The play is based on the book, Nickel and Dimed: On (Not) Getting by in America by Barbara Ehrenreich. The story follows as the author takes minimum wage jobs, lives in hotels, and basically "tries to understand the hardships and financial difficulties of the working class in America."  Many at NAU remember reading the book 6-7 years ago as part of a one-campus/one-book type thing. 

  The panelists were chosen from various departments on campus and in the city, and included John Eastwood (Economics and Statistics, NAU);  David McIntire (Permanent Affordability Administrator, Housing Program, City of Flagstaff);  Jason Matteson (Dept. of Philosophy, NAU); and moderated by Constance DeVereaux, (Dept. of Humanities and coordinator of the Program in Arts and Cultural Management, NAU.)

  My friend and I liked the fact that they had a community member who works with low income housing present- especially since he could speak about living impoverished himself for a while.  I really liked the fact that one of the panelists was a single mom who practically raised her kids in the library while she was getting her PhD.  She talked about how being a mom is one of the biggest impacts on your earning potential.

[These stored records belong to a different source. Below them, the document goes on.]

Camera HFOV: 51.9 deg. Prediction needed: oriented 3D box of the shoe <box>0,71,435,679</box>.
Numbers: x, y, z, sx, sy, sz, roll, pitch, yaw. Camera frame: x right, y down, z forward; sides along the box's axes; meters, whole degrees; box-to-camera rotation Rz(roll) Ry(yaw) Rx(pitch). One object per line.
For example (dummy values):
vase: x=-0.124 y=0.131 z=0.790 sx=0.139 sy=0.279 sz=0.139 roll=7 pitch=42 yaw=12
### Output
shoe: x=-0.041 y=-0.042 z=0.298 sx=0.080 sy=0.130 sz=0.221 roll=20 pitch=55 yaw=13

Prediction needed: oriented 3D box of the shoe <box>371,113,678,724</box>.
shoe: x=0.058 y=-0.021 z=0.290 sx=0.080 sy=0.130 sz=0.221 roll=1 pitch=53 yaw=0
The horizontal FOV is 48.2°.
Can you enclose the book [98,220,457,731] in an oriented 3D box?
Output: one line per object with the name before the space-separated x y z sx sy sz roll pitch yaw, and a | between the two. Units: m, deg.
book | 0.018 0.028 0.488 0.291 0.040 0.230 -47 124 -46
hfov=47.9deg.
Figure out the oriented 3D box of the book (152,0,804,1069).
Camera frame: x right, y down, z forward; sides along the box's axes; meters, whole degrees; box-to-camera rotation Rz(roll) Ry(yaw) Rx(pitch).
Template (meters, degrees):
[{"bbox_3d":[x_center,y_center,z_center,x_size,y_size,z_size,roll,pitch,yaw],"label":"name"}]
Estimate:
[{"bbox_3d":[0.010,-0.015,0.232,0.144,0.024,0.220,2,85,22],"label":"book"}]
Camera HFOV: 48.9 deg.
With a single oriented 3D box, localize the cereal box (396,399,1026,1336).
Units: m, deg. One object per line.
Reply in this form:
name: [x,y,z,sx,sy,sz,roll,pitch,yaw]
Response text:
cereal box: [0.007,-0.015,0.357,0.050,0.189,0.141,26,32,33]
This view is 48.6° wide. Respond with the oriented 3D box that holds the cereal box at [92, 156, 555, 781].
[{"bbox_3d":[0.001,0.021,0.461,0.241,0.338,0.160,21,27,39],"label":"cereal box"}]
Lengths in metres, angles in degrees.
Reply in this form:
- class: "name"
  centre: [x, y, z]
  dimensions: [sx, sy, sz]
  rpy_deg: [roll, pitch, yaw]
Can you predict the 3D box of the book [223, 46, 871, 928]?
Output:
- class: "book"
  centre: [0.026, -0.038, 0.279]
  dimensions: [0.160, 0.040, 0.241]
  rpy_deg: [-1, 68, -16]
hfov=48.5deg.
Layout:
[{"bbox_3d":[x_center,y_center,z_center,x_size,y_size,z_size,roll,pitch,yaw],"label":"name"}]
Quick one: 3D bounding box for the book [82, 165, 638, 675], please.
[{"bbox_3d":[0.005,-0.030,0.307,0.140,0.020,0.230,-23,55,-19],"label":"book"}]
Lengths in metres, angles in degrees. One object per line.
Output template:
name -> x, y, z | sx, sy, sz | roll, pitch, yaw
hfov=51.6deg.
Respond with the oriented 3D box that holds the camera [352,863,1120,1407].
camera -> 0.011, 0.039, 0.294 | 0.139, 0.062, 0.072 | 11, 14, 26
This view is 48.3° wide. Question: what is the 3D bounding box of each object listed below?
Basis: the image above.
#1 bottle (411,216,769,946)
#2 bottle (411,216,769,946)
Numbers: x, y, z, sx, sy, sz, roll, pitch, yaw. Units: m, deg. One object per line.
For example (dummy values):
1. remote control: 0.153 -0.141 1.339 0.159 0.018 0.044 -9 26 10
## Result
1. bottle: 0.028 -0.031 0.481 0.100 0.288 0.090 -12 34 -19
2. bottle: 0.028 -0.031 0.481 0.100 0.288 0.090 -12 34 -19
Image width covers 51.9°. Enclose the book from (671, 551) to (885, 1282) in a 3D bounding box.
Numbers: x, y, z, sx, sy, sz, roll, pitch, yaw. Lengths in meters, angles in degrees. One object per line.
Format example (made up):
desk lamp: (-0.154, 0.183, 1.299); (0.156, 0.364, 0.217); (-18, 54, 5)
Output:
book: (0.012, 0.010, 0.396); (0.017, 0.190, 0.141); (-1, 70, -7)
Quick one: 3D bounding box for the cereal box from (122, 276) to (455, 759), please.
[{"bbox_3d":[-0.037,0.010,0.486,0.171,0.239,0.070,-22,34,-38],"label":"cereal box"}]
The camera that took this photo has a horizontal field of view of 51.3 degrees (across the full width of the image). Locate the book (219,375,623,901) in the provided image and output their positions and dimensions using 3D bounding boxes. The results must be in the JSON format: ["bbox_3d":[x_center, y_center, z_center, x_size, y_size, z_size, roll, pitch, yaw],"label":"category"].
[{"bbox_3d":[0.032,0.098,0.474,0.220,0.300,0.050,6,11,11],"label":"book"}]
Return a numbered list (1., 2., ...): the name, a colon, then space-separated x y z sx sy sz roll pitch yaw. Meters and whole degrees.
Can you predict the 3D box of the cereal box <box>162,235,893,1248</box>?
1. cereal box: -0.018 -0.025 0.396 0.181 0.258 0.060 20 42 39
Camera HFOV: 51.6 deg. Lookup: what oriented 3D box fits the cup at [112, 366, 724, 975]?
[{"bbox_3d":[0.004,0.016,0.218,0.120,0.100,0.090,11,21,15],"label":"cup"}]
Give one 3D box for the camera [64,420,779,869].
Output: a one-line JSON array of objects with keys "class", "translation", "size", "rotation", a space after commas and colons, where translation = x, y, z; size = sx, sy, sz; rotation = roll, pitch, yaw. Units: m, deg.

  One of the most informative issues raised, however, was thinking about the ways in which we are institutionalized in poverty or in wealth.  For instance, my friend and I had an education and support from families.  We had a knowledge base of experience and parental wisdom, and general know-how that taught us how to make our clothes presentable for job interviews, pursue a degree to further our economic advantage, and invest our meager amounts of money in things that helped us get ahead.  We may be cash-poor, but we have resources.  A lot of people who are classified at the "extreme poverty" level don't know how to apply to college, get scholarships, or network.

  This whole conversation started me thinking about making culture more accessible in general.  This is a guess, but I would venture to say that a lot of people classified at the "extreme poverty" level are probably intimidated by "culture" and don't feel comfortable or welcome at art exhibits and museums,  classical music performances, or even a play.  Which probably means that many people that are affected by the issues of "Nickel and Dimed" won't be there to see it!  What a shame!  Art should be available to everyone--it's an essential part of the human experience.

  It's a vicious cycle and a huge cultural issue--and I am grateful that NAU Theatre is trying address the issue of poverty and bring attention to the problem.

"I hope that talking about what we can do as a community, dealing with working class issues, will bring better awareness to social issues of poverty that we're dealing with now," said Season Ellison, director of "Nickel and Dimed."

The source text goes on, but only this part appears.